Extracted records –

________________________________________

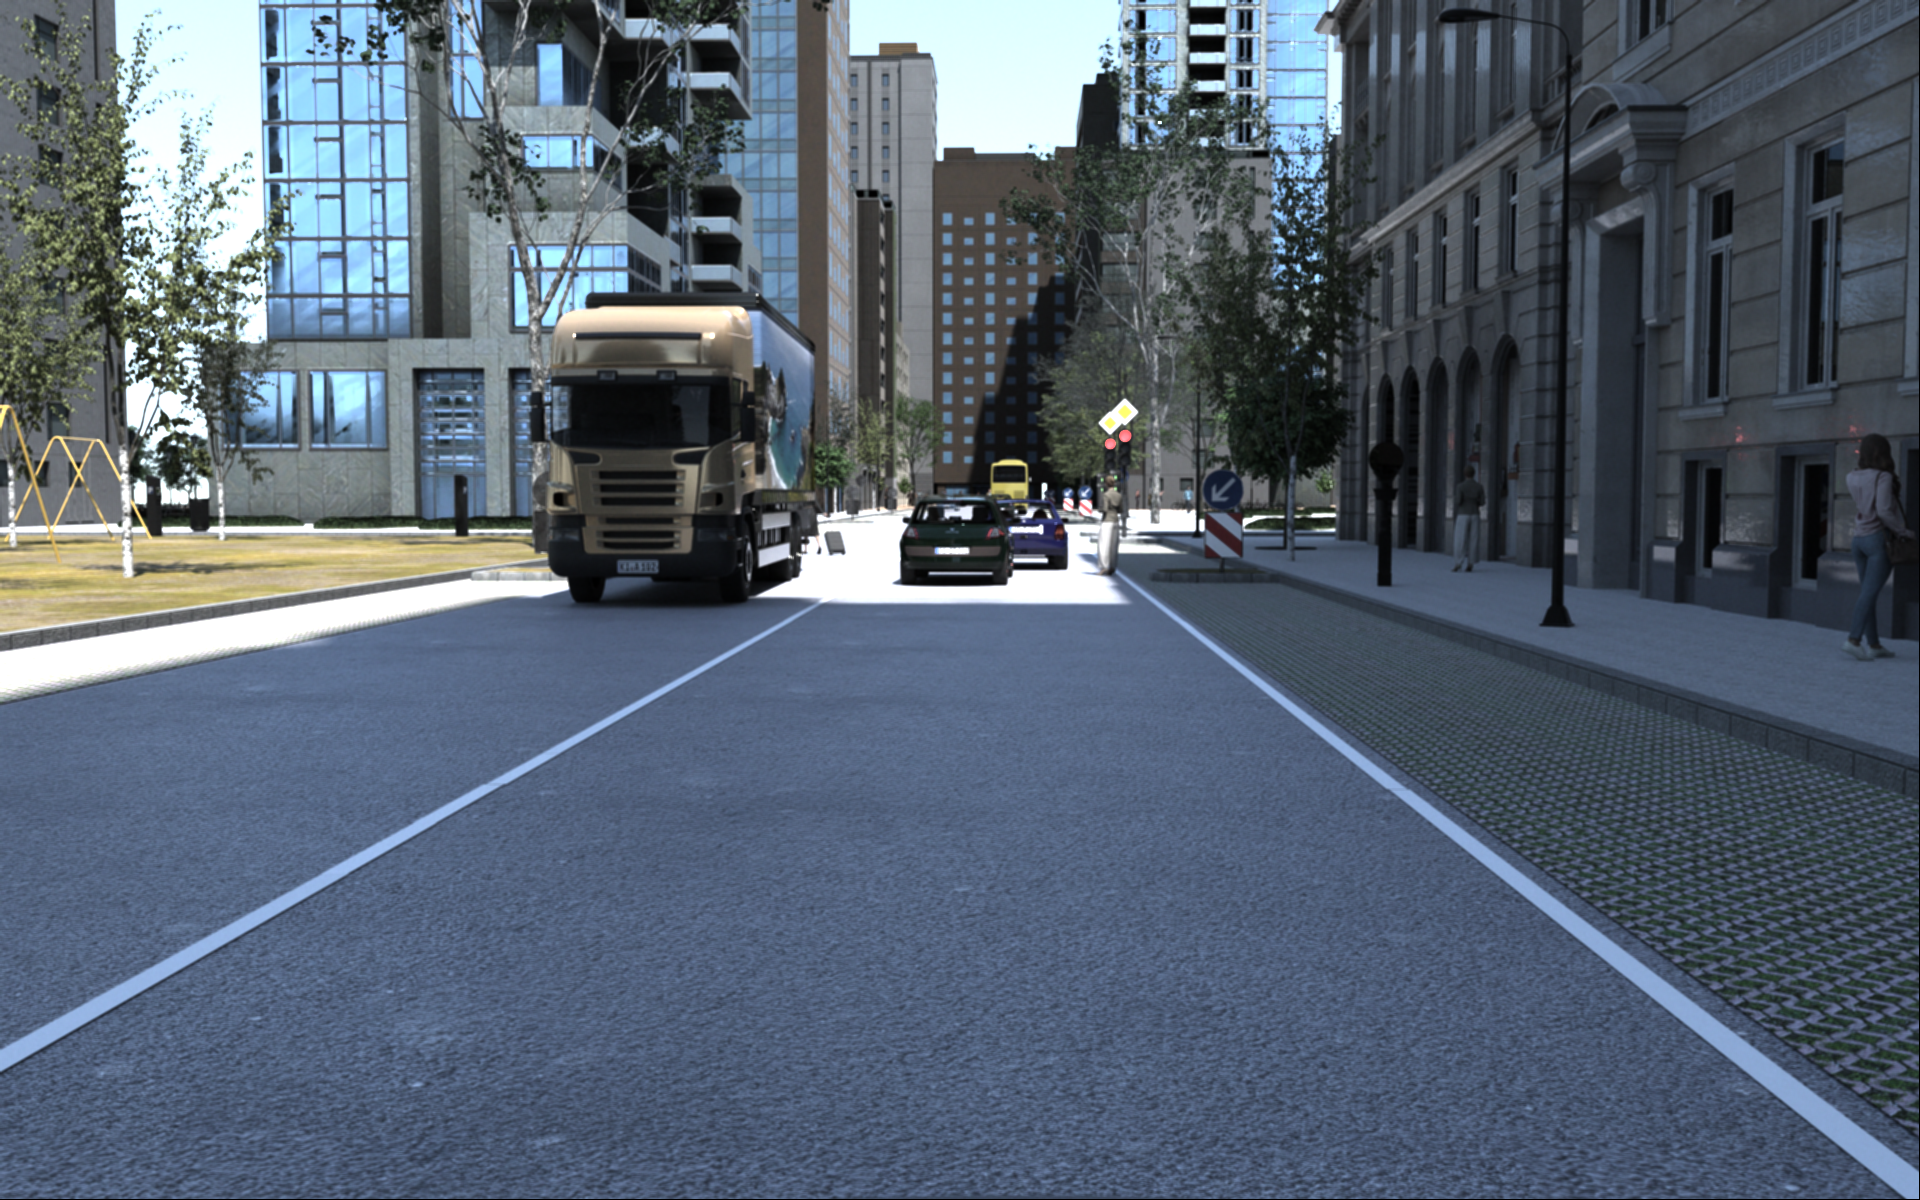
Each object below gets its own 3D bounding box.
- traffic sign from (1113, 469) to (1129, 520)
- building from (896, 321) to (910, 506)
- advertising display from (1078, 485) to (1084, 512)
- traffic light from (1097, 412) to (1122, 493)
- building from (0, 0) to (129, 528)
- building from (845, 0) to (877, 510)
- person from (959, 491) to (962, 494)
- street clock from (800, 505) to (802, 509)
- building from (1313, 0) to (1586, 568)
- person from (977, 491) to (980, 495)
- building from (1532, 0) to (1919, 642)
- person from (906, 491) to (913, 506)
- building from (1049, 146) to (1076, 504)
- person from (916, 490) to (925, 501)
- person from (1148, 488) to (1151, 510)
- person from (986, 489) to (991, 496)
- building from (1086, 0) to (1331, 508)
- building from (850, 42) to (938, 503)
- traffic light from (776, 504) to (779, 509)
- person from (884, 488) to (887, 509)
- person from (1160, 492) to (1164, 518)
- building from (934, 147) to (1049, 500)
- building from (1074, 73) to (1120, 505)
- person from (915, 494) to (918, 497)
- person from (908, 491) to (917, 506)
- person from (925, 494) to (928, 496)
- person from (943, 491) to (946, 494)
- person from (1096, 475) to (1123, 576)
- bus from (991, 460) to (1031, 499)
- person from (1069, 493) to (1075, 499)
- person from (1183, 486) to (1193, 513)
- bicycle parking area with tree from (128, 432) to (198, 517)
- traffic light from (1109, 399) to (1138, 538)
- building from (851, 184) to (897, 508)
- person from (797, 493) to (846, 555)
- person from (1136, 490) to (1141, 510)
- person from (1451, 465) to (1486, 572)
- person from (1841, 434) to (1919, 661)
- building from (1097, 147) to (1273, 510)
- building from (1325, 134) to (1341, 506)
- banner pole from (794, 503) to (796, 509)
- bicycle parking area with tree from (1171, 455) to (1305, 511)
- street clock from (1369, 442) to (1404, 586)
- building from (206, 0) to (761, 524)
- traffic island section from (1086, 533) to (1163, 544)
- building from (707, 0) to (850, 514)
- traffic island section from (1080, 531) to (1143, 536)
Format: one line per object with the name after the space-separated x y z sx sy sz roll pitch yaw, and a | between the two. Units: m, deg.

________________________________________

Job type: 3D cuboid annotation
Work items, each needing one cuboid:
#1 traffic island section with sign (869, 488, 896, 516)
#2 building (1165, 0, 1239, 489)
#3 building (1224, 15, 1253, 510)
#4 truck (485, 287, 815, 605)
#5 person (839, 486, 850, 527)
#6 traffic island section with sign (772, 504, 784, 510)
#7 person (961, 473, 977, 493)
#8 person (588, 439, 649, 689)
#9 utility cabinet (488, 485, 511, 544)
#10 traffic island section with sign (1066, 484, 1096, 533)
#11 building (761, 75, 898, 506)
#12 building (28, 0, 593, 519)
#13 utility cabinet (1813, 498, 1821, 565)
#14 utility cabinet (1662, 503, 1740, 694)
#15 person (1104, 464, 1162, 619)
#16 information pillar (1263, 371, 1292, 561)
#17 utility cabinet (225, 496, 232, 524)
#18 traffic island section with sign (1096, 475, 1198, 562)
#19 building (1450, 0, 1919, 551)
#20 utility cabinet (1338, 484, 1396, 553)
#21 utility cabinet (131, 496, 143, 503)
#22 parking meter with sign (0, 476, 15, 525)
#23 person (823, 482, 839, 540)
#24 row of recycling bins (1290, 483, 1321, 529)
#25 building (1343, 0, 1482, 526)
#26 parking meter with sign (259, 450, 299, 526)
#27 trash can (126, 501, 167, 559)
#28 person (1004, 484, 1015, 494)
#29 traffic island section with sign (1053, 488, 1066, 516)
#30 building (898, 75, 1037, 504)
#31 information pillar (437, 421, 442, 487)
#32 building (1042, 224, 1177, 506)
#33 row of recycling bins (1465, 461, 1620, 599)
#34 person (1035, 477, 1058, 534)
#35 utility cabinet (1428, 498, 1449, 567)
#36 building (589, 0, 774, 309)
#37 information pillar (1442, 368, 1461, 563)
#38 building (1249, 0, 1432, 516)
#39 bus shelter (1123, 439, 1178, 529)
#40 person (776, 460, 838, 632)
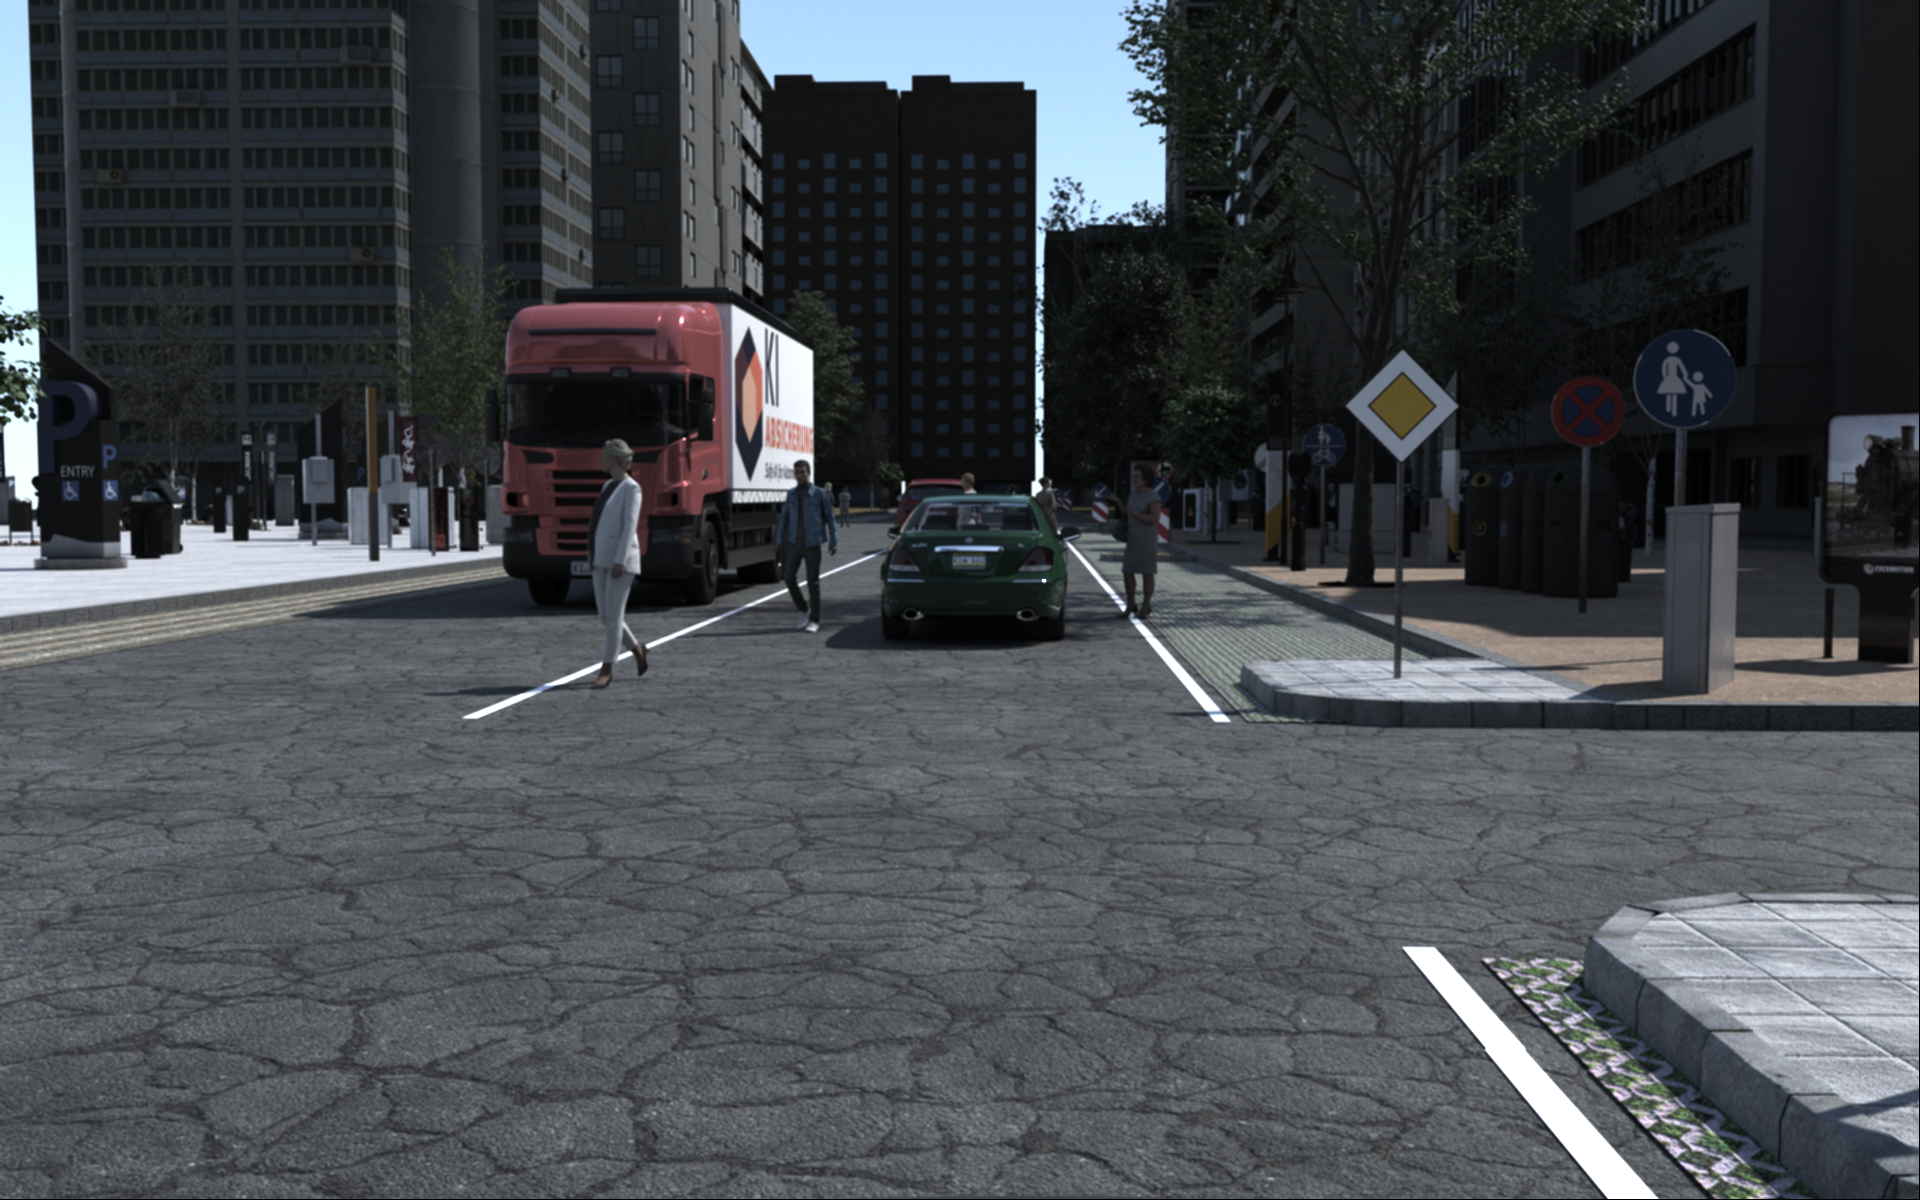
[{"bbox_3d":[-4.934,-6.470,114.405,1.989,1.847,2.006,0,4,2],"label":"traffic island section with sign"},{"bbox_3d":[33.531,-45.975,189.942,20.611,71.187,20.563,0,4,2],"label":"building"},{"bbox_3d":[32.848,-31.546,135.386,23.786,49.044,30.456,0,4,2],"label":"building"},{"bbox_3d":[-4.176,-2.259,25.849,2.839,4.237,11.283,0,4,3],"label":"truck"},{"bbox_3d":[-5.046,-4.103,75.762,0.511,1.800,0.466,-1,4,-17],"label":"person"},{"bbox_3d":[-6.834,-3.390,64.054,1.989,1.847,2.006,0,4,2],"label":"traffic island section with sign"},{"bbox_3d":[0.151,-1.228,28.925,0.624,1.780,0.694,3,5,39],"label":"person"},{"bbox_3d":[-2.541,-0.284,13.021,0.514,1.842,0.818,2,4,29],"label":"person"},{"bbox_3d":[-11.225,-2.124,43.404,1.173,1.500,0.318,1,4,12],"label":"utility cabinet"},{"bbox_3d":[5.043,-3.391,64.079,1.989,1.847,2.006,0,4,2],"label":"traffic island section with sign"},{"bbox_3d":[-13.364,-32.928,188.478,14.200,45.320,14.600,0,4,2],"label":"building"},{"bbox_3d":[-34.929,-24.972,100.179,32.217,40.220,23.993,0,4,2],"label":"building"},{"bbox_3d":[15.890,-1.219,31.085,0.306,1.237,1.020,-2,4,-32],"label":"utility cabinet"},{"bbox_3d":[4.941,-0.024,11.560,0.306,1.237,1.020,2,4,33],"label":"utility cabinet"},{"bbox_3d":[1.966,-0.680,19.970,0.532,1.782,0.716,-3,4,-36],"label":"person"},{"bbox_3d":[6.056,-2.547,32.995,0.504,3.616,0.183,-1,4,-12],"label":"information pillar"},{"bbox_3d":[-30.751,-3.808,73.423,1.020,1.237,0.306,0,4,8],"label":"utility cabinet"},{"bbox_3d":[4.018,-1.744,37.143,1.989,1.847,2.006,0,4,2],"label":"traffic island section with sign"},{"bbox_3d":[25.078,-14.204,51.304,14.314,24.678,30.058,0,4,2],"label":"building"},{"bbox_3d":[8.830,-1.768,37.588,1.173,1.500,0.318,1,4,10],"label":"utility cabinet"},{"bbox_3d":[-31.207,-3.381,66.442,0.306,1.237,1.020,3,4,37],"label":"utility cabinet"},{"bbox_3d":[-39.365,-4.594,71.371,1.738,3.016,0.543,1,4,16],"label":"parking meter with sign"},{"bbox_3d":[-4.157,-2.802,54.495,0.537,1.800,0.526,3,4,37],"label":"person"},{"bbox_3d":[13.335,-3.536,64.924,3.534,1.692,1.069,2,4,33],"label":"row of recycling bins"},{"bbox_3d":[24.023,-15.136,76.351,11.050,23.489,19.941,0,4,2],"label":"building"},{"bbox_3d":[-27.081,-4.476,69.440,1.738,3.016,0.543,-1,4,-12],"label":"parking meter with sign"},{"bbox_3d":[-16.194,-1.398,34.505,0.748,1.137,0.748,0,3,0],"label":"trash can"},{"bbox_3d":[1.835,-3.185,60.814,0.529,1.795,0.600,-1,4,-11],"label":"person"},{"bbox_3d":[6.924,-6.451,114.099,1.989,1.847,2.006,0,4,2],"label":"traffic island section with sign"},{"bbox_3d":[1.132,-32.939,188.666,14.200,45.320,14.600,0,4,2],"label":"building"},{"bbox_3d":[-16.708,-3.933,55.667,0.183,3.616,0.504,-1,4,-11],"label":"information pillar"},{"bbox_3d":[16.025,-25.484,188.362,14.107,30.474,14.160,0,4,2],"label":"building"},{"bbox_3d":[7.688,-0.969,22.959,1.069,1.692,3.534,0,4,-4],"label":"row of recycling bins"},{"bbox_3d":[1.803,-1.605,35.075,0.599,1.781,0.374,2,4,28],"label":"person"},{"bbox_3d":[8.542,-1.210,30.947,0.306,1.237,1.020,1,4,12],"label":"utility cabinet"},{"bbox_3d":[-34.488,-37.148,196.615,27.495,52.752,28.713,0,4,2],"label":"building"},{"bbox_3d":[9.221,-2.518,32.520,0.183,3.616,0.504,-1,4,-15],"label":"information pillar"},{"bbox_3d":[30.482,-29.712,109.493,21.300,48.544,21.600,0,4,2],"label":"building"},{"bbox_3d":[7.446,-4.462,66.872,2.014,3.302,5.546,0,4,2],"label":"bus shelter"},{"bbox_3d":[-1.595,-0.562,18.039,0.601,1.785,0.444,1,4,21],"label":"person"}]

________________________________________

Try it –
From the records above, quote only the lines running from the line with "Each object below" to the line with "- bicycle parking area with tree from (128, 432)", both lines included.

Answer section –
Each object below gets its own 3D bounding box.
- traffic sign from (1113, 469) to (1129, 520)
- building from (896, 321) to (910, 506)
- advertising display from (1078, 485) to (1084, 512)
- traffic light from (1097, 412) to (1122, 493)
- building from (0, 0) to (129, 528)
- building from (845, 0) to (877, 510)
- person from (959, 491) to (962, 494)
- street clock from (800, 505) to (802, 509)
- building from (1313, 0) to (1586, 568)
- person from (977, 491) to (980, 495)
- building from (1532, 0) to (1919, 642)
- person from (906, 491) to (913, 506)
- building from (1049, 146) to (1076, 504)
- person from (916, 490) to (925, 501)
- person from (1148, 488) to (1151, 510)
- person from (986, 489) to (991, 496)
- building from (1086, 0) to (1331, 508)
- building from (850, 42) to (938, 503)
- traffic light from (776, 504) to (779, 509)
- person from (884, 488) to (887, 509)
- person from (1160, 492) to (1164, 518)
- building from (934, 147) to (1049, 500)
- building from (1074, 73) to (1120, 505)
- person from (915, 494) to (918, 497)
- person from (908, 491) to (917, 506)
- person from (925, 494) to (928, 496)
- person from (943, 491) to (946, 494)
- person from (1096, 475) to (1123, 576)
- bus from (991, 460) to (1031, 499)
- person from (1069, 493) to (1075, 499)
- person from (1183, 486) to (1193, 513)
- bicycle parking area with tree from (128, 432) to (198, 517)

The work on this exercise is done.